(Beginning of DATA)
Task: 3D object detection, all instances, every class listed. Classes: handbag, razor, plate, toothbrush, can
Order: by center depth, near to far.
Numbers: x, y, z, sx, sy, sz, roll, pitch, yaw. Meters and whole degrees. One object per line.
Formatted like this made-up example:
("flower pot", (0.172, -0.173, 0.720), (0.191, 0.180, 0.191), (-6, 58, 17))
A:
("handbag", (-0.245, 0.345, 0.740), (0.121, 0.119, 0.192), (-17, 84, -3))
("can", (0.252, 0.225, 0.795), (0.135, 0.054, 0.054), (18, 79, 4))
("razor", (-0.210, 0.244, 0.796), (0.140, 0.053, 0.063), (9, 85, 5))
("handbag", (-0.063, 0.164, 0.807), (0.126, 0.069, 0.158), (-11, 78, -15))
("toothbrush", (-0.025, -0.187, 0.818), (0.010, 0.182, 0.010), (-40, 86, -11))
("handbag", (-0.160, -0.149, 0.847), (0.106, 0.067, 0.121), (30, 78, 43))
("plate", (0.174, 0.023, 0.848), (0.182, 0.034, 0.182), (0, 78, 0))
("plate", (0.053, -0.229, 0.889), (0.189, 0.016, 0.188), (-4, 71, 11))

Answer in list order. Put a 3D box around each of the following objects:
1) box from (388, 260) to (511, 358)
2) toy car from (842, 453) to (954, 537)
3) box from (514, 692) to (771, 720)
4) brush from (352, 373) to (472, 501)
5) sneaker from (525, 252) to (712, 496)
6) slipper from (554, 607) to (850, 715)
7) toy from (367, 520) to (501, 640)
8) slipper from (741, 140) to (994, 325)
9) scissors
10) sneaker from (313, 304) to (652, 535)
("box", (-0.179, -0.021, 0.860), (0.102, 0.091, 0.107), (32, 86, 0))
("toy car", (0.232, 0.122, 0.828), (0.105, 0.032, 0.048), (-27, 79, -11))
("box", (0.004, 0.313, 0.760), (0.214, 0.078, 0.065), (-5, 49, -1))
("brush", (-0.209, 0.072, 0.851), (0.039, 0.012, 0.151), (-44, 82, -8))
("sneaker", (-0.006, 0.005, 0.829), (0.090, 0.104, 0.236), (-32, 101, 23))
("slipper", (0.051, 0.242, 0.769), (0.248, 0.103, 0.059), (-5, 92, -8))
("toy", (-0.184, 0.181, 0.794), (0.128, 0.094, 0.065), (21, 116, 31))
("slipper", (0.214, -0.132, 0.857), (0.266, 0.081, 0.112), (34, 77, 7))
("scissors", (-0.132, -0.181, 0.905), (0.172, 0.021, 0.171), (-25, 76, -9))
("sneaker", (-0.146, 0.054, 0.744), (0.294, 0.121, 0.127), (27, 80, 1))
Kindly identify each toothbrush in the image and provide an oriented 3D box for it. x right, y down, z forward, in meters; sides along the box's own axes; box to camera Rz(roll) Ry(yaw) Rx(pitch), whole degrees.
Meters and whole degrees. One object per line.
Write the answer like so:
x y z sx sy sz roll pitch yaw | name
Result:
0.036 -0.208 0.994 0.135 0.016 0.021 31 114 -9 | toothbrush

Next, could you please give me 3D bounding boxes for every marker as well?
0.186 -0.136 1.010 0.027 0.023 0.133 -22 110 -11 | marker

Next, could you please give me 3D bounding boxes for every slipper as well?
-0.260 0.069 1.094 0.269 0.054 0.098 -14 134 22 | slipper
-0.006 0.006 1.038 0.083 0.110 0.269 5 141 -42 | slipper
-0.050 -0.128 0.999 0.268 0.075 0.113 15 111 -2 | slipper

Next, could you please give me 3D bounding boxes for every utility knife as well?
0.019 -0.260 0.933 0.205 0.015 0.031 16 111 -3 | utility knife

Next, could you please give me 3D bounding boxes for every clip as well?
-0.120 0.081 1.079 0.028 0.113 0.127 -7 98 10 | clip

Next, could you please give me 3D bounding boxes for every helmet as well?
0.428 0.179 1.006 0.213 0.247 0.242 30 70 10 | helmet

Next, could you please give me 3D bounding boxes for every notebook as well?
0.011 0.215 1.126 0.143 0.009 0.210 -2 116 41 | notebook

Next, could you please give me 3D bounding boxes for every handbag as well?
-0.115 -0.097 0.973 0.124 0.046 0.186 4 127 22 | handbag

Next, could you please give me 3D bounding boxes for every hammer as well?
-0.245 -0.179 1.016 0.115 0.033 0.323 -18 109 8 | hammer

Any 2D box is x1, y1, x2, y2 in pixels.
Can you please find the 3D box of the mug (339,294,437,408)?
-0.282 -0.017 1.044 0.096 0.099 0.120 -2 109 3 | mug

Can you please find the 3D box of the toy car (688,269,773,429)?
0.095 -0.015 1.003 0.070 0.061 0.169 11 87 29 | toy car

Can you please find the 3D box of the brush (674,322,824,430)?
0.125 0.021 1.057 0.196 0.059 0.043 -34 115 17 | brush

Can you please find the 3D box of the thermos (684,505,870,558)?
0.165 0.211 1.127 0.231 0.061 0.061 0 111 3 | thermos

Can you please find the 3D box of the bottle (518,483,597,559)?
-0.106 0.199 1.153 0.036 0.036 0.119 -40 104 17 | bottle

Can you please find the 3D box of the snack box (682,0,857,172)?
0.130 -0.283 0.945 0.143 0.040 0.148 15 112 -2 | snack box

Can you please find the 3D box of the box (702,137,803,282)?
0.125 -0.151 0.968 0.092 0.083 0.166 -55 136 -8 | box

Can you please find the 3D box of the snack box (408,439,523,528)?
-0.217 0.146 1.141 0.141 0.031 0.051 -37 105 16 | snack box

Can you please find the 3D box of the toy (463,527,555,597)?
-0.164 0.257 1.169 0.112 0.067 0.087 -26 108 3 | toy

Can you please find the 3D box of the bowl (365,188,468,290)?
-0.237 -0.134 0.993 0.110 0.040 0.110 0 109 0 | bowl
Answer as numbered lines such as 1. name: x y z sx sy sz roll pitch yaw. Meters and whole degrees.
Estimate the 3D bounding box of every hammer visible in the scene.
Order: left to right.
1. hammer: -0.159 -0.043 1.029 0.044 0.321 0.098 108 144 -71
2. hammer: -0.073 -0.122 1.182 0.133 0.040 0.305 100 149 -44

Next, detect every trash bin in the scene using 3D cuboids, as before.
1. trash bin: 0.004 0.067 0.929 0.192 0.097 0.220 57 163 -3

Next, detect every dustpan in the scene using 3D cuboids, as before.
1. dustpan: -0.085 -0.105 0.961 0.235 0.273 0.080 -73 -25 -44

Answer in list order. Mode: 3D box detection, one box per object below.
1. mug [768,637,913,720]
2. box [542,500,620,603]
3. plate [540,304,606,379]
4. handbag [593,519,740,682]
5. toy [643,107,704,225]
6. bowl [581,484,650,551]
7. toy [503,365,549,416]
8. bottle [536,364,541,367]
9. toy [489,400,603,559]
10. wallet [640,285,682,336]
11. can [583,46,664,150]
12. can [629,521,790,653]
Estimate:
(End of DATA)
DIRECTIONS FOR THIS TASK:
Return, word for word, the line containing "3. plate [540,304,606,379]" and all lines after it through the last line of the records, and nothing else.

RESPONSE TO THE TASK:
3. plate [540,304,606,379]
4. handbag [593,519,740,682]
5. toy [643,107,704,225]
6. bowl [581,484,650,551]
7. toy [503,365,549,416]
8. bottle [536,364,541,367]
9. toy [489,400,603,559]
10. wallet [640,285,682,336]
11. can [583,46,664,150]
12. can [629,521,790,653]
Estimate:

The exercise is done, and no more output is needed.